Anderson v. . Erie R.R. Co.

119 N.E. 557 | NY | 1918

Plaintiff's intestate, a clergyman, obtained from defendant, a written order that at any time during the year 1913 its agents would sell to him, for his personal use, a clerical ticket subject to the conditions on the back thereof. On the 10th of November, 1913, he presented this order to and purchased from defendant's agent at Elmira, N.Y., a ticket over defendant's road from that place to Leroy, N.Y., for which he paid $1.20, the regular fare being $2.35. The condition on the back of the ticket was: "In consideration of this ticket being sold at a reduced rate, a person accepting and using it expressly agrees to and does thereby assume all risk of accidents and damage to person and property, whether caused by negligence of the company or that of its agents or employees or otherwise. And as a condition precedent to the issuing and use thereof, each person represents that he or she is legally entitled to *280 use such reduced rate ticket under all laws governing the same, and agrees that he or she will not use this ticket in violation of any law. This ticket is not transferable." The intestate having agreed to the condition, as evidenced by his signature thereto, the ticket was delivered to him and while en route the car in which he was riding was derailed and he was killed. This action was brought to recover the damages alleged to have been sustained by reason of his death. Plaintiff had a verdict for a substantial sum, upon which judgment was entered. An appeal was taken to the Appellate Division, where the judgment was reversed and a new trial ordered. Plaintiff gave the usual stipulation and appeals to this court.

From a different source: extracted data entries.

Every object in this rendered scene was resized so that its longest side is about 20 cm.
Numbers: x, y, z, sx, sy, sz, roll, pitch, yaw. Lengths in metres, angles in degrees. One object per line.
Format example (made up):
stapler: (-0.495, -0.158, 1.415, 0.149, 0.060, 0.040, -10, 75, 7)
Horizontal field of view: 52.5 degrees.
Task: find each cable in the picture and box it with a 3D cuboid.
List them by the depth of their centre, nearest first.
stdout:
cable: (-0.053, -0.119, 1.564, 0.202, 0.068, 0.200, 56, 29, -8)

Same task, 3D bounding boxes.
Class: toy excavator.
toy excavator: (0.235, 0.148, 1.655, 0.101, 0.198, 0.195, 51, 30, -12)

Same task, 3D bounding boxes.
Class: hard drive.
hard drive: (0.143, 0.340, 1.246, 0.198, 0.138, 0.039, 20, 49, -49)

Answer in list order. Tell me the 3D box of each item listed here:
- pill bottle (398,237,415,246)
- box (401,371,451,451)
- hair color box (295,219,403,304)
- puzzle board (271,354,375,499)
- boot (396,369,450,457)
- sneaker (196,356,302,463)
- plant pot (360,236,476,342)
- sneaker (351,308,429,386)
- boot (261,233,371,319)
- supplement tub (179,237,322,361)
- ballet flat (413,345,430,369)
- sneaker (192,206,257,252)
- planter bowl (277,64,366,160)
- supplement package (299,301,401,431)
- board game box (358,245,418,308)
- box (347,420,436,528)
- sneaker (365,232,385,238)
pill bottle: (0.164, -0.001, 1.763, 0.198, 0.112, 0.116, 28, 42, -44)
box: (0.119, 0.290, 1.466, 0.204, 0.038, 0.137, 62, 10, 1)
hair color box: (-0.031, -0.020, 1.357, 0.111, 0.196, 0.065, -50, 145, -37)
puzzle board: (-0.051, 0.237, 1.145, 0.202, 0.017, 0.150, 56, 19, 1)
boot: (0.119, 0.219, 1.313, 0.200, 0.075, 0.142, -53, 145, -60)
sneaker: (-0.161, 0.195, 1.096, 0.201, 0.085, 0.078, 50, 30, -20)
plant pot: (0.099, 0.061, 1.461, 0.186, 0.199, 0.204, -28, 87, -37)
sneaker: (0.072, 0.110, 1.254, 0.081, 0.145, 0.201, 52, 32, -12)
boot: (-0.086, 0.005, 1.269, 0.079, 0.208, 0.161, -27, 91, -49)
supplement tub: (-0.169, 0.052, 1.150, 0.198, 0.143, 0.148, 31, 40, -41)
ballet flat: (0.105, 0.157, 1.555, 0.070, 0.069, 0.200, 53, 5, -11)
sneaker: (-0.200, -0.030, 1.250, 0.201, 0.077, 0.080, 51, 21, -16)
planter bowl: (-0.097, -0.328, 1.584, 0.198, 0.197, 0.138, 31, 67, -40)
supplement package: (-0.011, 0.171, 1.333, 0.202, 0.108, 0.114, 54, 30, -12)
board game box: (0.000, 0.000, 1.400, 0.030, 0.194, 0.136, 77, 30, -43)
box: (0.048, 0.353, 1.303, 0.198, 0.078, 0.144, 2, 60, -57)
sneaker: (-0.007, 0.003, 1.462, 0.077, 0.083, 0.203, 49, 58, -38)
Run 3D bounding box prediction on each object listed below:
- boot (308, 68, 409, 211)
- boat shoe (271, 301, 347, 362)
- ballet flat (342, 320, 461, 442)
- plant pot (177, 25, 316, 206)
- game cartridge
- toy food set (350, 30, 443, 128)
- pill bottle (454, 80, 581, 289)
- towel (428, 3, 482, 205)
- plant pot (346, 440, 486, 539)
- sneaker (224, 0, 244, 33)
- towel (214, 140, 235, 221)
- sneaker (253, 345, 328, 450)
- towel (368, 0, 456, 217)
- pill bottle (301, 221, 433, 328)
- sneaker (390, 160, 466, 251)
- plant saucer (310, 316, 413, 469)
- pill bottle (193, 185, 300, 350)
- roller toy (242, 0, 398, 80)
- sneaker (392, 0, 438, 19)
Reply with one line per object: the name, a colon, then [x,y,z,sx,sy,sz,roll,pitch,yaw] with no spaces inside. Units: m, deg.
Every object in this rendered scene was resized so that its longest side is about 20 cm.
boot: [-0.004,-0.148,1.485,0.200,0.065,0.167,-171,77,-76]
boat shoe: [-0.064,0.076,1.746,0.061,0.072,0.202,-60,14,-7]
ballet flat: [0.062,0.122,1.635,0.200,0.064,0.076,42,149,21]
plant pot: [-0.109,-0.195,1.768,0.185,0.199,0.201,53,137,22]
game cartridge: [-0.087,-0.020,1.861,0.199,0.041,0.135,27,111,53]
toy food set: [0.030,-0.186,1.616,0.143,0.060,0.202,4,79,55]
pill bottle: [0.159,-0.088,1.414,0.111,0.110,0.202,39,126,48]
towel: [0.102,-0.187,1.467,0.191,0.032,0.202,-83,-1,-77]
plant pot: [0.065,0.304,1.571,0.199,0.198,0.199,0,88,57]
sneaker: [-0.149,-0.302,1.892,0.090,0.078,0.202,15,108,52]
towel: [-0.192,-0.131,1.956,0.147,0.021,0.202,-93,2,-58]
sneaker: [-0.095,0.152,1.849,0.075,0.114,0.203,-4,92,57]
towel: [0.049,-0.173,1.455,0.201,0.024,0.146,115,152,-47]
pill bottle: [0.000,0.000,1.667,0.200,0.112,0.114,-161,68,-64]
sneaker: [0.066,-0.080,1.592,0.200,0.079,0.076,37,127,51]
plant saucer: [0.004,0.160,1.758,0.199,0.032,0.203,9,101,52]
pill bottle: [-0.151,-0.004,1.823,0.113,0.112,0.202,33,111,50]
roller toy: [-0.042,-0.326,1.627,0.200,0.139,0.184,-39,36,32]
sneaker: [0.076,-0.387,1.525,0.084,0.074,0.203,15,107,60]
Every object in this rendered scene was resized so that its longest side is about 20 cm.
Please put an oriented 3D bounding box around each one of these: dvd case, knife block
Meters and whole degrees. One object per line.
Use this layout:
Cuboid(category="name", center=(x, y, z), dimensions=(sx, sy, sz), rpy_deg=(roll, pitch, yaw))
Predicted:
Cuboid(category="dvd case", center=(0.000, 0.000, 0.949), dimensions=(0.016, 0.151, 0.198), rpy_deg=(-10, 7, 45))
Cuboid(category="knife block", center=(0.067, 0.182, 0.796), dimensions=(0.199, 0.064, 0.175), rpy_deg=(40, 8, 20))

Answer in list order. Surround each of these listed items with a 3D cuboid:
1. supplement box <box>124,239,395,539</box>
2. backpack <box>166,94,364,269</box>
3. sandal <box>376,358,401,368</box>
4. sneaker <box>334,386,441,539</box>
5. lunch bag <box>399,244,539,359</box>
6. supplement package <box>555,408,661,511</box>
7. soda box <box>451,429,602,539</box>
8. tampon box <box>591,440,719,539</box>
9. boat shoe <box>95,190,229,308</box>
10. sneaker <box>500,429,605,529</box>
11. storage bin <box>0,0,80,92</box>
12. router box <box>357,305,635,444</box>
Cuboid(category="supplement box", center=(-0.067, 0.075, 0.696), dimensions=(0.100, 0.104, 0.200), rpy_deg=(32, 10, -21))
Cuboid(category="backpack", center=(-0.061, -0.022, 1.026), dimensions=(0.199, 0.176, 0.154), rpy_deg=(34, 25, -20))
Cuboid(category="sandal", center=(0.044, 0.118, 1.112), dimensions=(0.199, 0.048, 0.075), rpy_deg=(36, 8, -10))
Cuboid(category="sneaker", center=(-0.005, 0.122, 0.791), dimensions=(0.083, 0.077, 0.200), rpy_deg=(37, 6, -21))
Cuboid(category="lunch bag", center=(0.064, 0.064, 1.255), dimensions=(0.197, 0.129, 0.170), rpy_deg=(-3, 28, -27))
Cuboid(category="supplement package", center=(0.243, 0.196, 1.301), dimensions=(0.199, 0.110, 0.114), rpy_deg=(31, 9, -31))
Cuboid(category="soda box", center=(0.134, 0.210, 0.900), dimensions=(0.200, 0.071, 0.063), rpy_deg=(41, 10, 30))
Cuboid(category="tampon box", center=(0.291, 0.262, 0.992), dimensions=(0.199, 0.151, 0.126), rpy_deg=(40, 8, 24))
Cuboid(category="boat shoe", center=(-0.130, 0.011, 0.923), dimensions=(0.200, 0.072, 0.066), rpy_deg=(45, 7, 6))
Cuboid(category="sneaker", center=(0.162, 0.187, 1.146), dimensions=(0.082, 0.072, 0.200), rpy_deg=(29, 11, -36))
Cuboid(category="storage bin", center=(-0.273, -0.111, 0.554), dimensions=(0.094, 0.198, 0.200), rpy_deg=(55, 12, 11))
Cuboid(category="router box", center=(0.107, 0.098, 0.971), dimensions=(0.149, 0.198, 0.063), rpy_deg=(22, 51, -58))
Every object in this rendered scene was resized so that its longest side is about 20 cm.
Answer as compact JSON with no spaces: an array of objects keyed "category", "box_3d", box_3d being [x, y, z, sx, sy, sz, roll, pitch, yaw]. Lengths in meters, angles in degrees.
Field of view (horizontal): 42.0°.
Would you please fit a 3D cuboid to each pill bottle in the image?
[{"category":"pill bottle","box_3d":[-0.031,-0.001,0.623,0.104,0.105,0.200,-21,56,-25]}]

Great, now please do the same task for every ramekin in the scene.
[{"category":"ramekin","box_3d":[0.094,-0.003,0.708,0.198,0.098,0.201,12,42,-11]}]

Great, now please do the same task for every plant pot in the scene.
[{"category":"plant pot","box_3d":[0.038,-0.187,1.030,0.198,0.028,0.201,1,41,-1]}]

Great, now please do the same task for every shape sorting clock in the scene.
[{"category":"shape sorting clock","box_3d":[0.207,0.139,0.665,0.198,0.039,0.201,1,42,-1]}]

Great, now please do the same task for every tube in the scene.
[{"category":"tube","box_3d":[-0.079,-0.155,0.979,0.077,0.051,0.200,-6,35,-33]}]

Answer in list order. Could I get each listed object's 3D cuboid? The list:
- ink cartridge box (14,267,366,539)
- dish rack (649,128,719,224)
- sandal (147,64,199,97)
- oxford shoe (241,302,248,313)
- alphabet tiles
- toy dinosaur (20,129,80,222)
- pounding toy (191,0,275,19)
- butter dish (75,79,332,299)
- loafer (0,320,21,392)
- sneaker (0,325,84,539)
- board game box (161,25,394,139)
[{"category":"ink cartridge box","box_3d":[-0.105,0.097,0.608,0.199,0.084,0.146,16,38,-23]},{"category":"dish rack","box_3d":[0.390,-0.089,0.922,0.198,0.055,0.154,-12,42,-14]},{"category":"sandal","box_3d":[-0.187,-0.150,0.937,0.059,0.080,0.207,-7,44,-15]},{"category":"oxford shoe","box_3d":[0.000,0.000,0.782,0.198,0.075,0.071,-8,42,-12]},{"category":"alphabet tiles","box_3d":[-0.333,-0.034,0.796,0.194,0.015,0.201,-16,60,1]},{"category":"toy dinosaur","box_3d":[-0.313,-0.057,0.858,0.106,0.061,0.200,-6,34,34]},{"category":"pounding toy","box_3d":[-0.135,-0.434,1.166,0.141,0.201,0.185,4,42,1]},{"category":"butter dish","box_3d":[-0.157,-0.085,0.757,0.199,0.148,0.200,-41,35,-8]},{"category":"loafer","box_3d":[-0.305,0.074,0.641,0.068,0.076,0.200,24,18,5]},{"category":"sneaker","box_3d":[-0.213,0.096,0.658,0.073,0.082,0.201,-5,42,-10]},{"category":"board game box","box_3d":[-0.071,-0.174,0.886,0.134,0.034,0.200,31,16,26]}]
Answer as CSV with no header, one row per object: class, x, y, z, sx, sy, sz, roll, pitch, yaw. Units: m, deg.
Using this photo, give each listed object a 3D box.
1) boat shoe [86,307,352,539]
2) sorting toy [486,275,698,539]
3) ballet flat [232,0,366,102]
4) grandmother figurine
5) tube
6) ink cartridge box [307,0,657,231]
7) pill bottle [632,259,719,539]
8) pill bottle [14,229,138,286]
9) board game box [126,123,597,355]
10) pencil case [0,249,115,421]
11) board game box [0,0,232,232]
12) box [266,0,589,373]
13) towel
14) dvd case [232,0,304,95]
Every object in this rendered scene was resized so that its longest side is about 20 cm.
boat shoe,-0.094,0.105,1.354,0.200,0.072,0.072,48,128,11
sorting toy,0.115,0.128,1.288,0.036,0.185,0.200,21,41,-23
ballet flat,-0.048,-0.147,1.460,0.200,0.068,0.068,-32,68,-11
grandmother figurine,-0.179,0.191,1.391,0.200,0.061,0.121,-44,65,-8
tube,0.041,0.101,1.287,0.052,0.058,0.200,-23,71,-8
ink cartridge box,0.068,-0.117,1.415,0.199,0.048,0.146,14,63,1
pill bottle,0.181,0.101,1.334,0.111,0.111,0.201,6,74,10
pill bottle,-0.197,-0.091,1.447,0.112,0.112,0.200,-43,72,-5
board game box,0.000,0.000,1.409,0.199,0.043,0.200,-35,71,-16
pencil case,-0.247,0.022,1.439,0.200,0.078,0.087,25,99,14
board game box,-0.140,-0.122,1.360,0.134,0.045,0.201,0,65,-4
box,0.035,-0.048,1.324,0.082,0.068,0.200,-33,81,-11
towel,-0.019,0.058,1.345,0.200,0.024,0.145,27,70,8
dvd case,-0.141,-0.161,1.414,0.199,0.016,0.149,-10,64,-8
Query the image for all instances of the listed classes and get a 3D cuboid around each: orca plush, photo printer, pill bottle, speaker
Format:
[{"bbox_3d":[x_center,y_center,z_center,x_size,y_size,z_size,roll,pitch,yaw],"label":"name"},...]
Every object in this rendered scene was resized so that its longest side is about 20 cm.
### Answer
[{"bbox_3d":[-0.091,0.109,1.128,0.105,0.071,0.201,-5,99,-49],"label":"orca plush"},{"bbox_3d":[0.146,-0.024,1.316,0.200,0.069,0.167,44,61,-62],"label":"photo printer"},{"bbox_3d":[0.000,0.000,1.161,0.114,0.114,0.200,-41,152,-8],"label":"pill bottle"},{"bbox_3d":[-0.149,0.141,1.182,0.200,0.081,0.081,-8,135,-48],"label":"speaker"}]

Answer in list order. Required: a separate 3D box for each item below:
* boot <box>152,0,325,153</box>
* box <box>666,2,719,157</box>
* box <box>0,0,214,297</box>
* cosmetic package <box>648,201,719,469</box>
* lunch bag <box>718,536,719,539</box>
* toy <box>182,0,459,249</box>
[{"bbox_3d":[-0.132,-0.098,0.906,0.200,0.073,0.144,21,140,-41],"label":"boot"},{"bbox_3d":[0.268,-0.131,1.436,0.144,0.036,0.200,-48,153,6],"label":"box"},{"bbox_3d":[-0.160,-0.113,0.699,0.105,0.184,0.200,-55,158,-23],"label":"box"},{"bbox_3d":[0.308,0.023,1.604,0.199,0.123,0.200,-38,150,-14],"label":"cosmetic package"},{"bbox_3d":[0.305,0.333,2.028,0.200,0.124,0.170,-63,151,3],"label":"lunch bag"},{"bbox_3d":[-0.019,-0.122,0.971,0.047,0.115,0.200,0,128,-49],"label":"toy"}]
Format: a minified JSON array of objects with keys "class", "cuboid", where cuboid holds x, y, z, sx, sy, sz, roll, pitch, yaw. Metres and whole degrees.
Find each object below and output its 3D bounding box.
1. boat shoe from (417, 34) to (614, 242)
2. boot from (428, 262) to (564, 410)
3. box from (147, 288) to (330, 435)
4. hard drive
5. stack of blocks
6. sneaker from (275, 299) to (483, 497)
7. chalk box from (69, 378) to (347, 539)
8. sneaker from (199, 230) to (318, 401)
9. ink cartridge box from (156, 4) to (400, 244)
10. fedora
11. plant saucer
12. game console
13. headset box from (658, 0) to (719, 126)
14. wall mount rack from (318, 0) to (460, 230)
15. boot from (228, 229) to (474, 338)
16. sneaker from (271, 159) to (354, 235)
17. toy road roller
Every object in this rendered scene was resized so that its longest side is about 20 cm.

The sole question presented by the appeal is whether the release from liability for negligence given by plaintiff's intestate to defendant, in consideration of the reduced rate at which the ticket was sold to him, prevents a recovery. Had the intestate, at the time of the accident, been traveling on a pass there could be but one answer to the question. A recovery could not be had. This court settled that question over half a century ago. (Wells v. N.Y.C.R.R. Co., 24 N.Y. 181.) It was there specifically held that a contract between a railroad corporation and a person traveling on a pass, by which the former was exempted from liability for the negligence of its agents or servants for an injury to the latter, was not against public policy and was a valid agreement which would be enforced when called in question. The rule as thus established has since been followed in this state. (Perkins v. N.Y.C.R.R. Co., 24 N.Y. 196;Bissell v. N.Y.C.R.R. Co., 25 N.Y. 442; Poucher v.N.Y.C.R.R. Co., 49 N.Y. 263; Seybolt v. N.Y., L.E. W.R.R.Co., 95 N.Y. 562; Ulrich v. N.Y.C. H.R.R.R. Co., 108 N.Y. 80;Hodge v. Rutland R.R. Co., 112 App. Div. 142; affd.,

*281 194 N Y 570; Fish v. D., L. W.R.R. Co., 211 N.Y. 374.) It is also the rule which has been adopted in many of the other states, of which see the following: Rogers v. Kennebec Steamboat Co. (86 Me. 261); Quimby v. Boston Maine R.R. Co. (150 Mass. 365);Dugan v. Blue Hill Street Ry. Co. (193 Mass. 431); Griswold v. N.Y. N.E.R.R. Co. (53 Conn. 371); Kinney v. CentralR.R. Co. (34 N.J.L. 513); Payne v. T.H. I. Ry. Co. (157 Ind. 616). The same rule prevails in the Supreme Court of the United States. (B. O. Southwestern Ry. Co. v. Voigt,176 U.S. 498; Northern Pacific Ry. Co. v. Adams, 192 U.S. 440;Boering v. Chesapeake Beach Ry. Co., 193 U.S. 442;Charleston Western Carolina Ry. Co. v. Thompson,234 U.S. 576.) The English decisions are to the same effect. (McCawley v. Furness Ry. Co., L.R. 8 Q.B. 57; Hall v. North EasternRy. Co., L.R. 10 Q.B. 437.)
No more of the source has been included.